Likewise, a large amount of missing data will also limit the value of the registry data. Thus, direct and real-time internal monitoring of data quality and integrity is crucial when designing and planning a registry. Moreover, without an active external monitoring or auditing process, the danger of selective reporting/entry is obvious. Particularly, the reported rate of complications seems extremely low in our study (Table 1). Bias can occur by factors such as omitting whole groups of high-risk patients or liberal interpretation of what constitutes as a complication. Both factors are known to occur if no rigorous guidelines for reporting are established and ultimately controlled. To our knowledge, this is not the case for any European spine registry at least.

Follow-up versus data protection

Another problem not examined in this study is the lack of relevant follow-up. Two aspects exist. First, follow-up rates tend to be low in general, but for clinical research, collecting follow-up data remains crucial. It is known that any loss of follow-up larger than 20% of the enrolled cases can lead to a significant bias in the statistical evaluation [5]. In a study by McGirt et al., the follow-up rate in spine registries was found to be between 22 and 79% [6]. Thus, even the registry with the best follow-up rate was worse than minimally recommended one. In our study, only 71.50% (95%-CI = [65.45–77.54]; range between centers: 18.18–100%) of all operated patients were completely entered into the registry at the time of the first contact (Fig. 2); and this even only reflects follow-up until discharge.

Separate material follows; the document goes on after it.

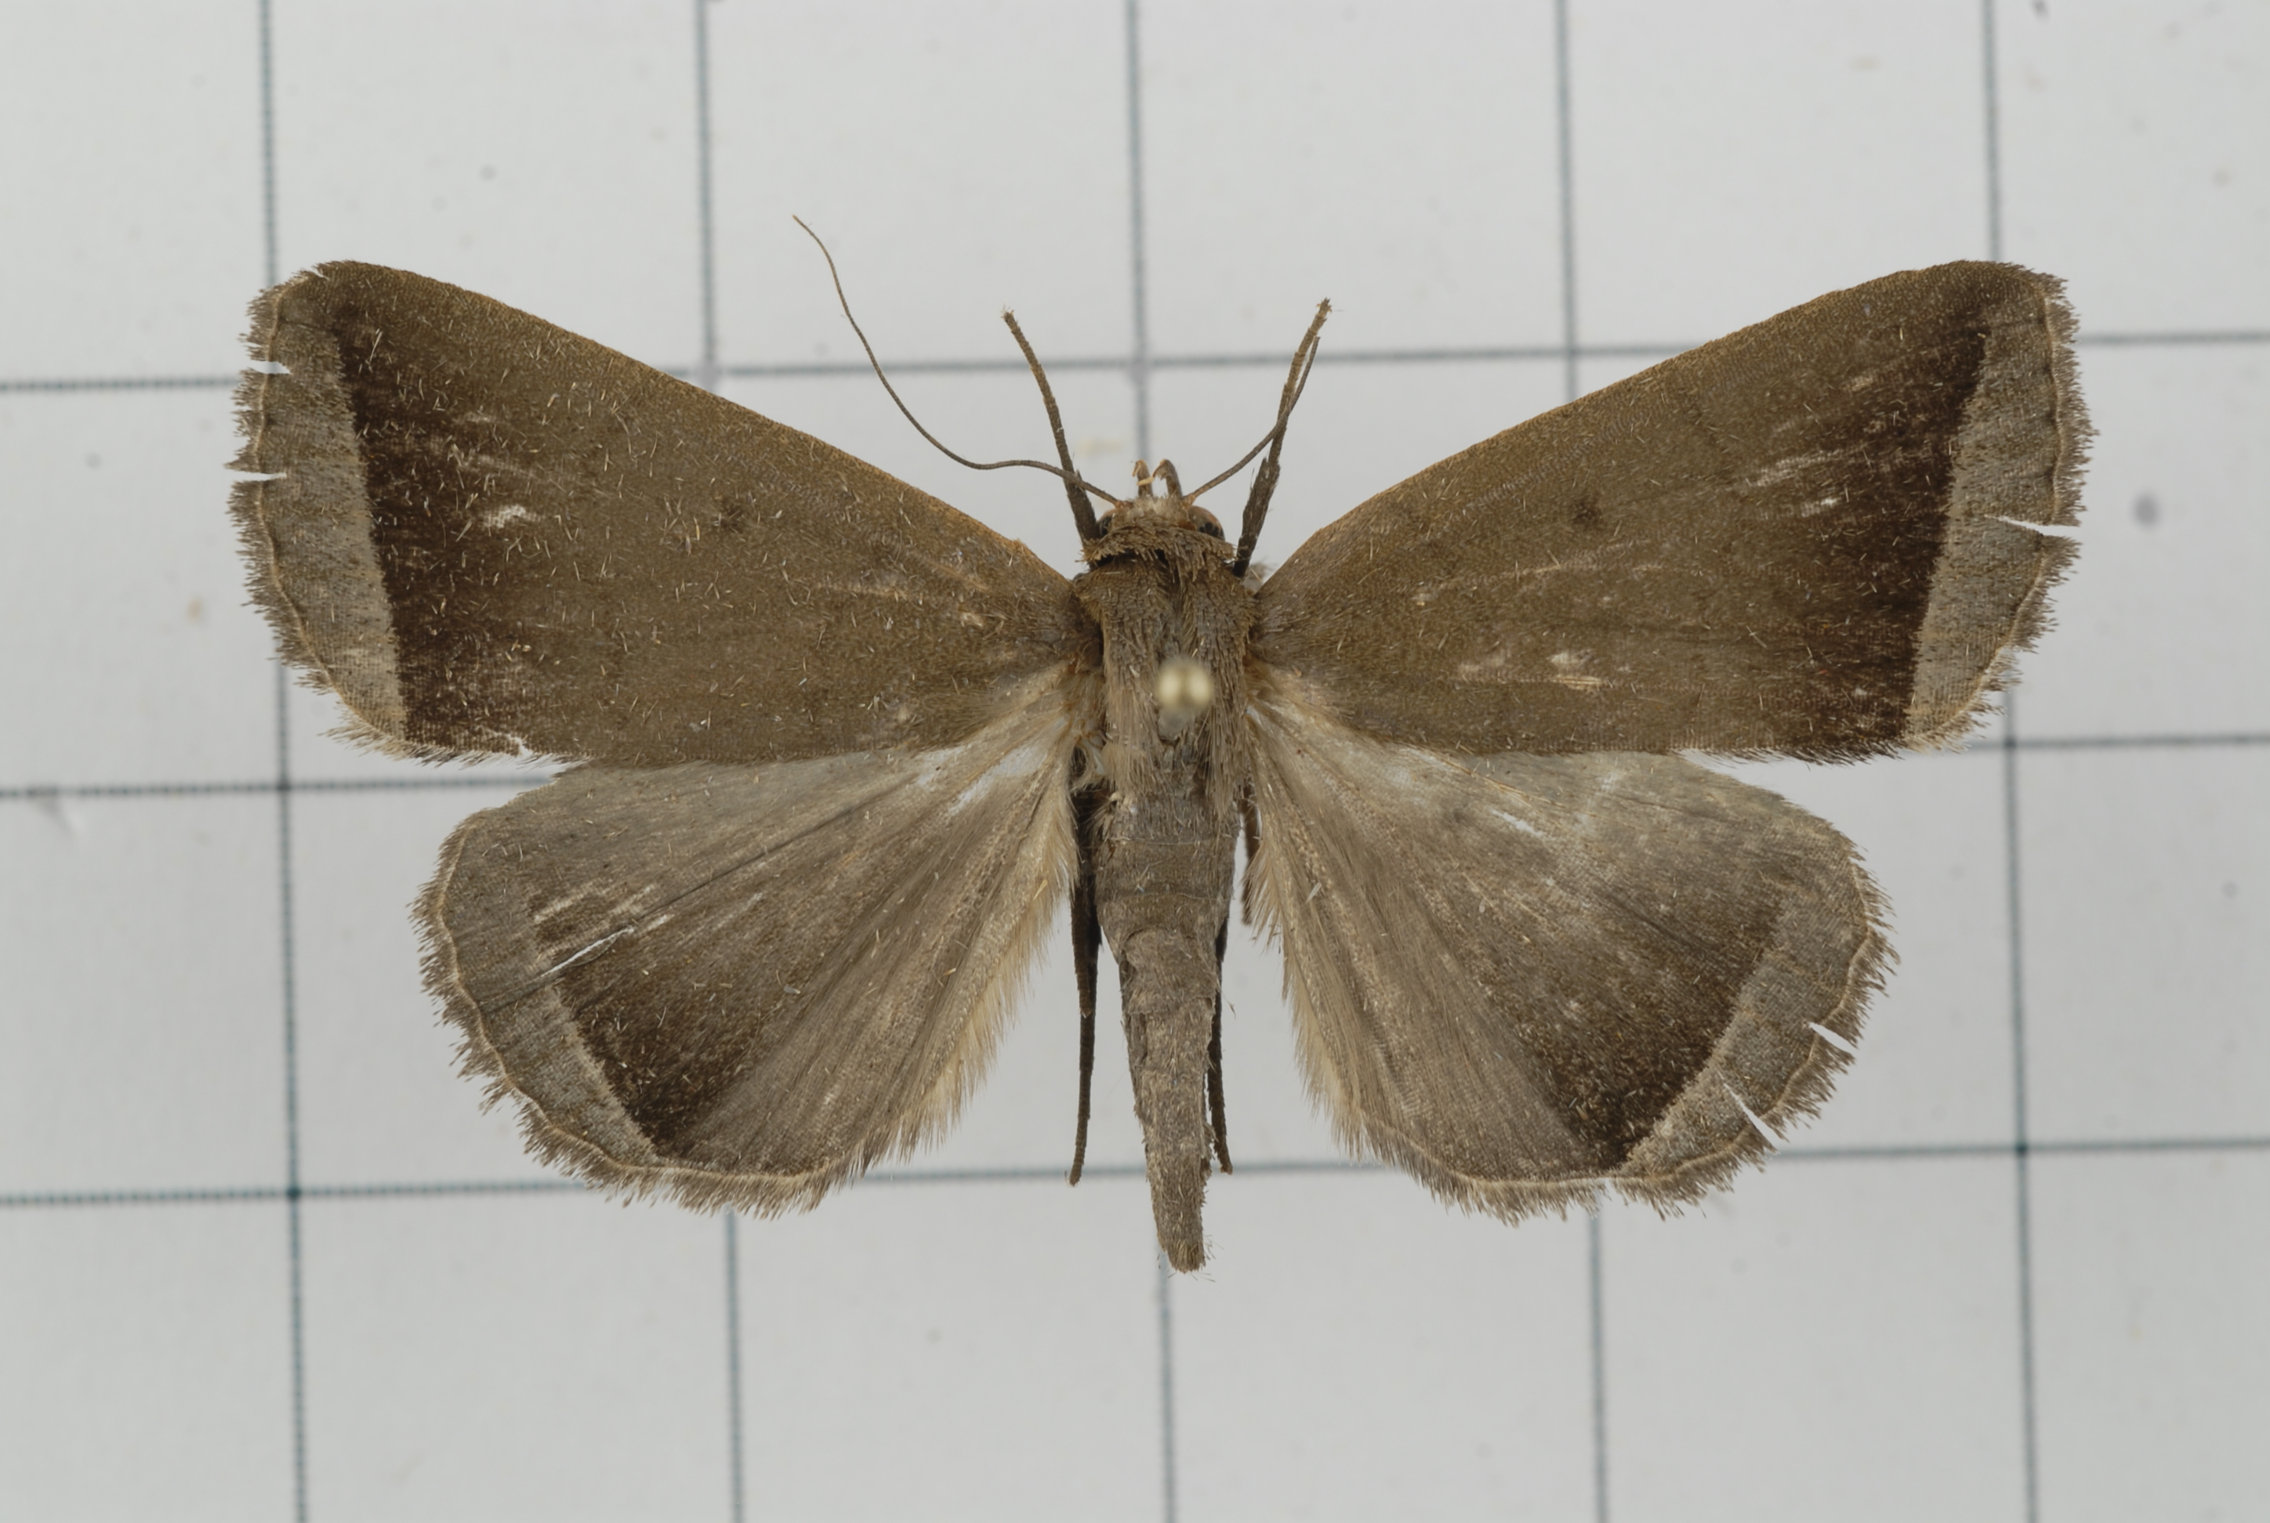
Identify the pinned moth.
Simplicia bimarginata

This issue relates to the current state of legislation regarding data protection in most countries and is problematic for quality management. To calculate some of the key indicators for quality of care such as 30-day readmission or reoperation rates, a patient would need to be traced, irrespective of the hospital taking care of the complication. Particularly in urban areas with a high density of specialists, a significant number of patients will seek a second opinion for problems occurring after the index surgery. Identification of a given patient for longitudinal follow-up is crucial. Outside Scandinavia, however, this is not possible in any other country we are aware of, which means that registries in those countries provide data that will clearly underestimate important quality indicators.

Further approaches to improve data quality

In order to find further solutions for the imminent problems raised by this study, awareness among peers teaching on the potentially crucial implications of registry data but also possible financial incentives could be used. Changing culture is another part.

Yet, when looking at the involved centers, those were the first certified spine centers in Germany and not only by this fact but also by personal knowledge highly motivated professionals, in part leaders in the field and well motivated. Thus, blaming lack of motivation, culture of education on the topic might not serve as complete solution. Other issues, such as shortness of staff, amount of required data and lacking usability of the registry software itself, should also be taken into account.

Conclusion

Due to the high inaccuracy, the high number of centers lacking mandatory entries at all and the number of false entries these data alert us to advocate unannounced audits and other measures to improve the situation such as financial incentives and education on the benefits and consequences of such data. The current data should not be used for the time being, since wrong conclusion will inevitably be drawn. Aspects for improvement of the situation were identified.